一群狂躁了的蜜蜂追著劉禪等人從上林苑追到了未央宮,愣是沒有放過這群家伙,每個人身上都被叮了最少七八個包包。
就這還是因為漢朝的衣服足夠的寬大,能將身體各處全部包起來,可就算是如此,那少則七八個,多則十七八個的包包也是非常要命的存在,不過畢竟是在內宮,跑出來,趕緊躲入房間內就好多了。
聽著外邊嗡嗡嗡的叫喚聲,臉已經很自然的腫起來的劉禪扭曲的躲在門后面看著面前這群被蟄得慘兮兮的小伙伴,不僅沒有因為刺痛而痛哭起來,反而哈哈大笑。
“你還有心思笑啊,你聽門外。”曹沖眼淚都快流下來了,三厘米大的蜜蜂,在他臉上蟄了三四下,手背,后頸,還有腿上,也都被蟄了好幾下,痛的人都快抽搐了。
“沒事,我們守好門,它們進不來。”劉禪頗為爽朗的說道,對于他來說能這么快躲進來,沒被繼續蟄就已經很不錯了,至于其他的事情劉禪也不怎么在乎。
不過經歷了這么一次,劉禪對于他爹所謂的劫后余生也有了認知,別的不說,這種事情真的很刺激,而且也真的很歡快,當然除了現在臉和手很疼以外,其他的也都罷了。
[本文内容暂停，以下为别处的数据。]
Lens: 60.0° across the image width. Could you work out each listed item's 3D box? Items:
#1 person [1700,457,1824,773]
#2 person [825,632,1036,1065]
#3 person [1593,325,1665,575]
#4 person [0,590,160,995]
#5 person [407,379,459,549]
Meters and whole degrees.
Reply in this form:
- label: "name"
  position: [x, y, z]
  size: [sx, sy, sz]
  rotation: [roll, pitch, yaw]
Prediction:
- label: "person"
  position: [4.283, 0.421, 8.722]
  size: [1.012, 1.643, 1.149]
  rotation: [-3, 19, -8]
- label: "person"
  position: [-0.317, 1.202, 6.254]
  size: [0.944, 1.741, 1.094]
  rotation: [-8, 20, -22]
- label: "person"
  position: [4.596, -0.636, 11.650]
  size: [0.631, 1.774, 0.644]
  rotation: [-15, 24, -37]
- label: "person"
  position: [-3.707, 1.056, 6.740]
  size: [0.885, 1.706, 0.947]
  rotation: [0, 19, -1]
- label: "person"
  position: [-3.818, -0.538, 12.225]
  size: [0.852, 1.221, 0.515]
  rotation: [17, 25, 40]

“你們咋樣?”奧登皮糙肉厚,再被蜜蜂襲擊的時候,第一時間啟用了金屬化狀態,硬扛了過去,再加上進入金屬態之后,對于生物毒素的抗性非常強,奧登雖說被蟄得第二多,但并不怎么痛。
“痛死了。”司馬恂慘兮兮的說道,他被蟄了二十幾下。
實際上這群家伙還算有點人性,在跑的時候,至少知道不丟下曹沖和荀紹兩個病秧子,還知道讓奧登納圖斯拽著這倆玩意兒趕緊跑,否則就曹沖和荀紹兩個廢材體質,怕不是被蟄死的節奏。
“我最慘了。”鄧艾靠著門板慘兮兮的說道,他跑的時候,第一次是跑錯了方向,等于說被蜜蜂多追殺了一截,故而被蟄的次數也是最多的,足足有三十多次。
以至于到現在鄧艾身上已經有很多處都腫了,不過還好被蟄得最慘奧登,鄧艾,司馬恂,劉禪的體質都非常強壯。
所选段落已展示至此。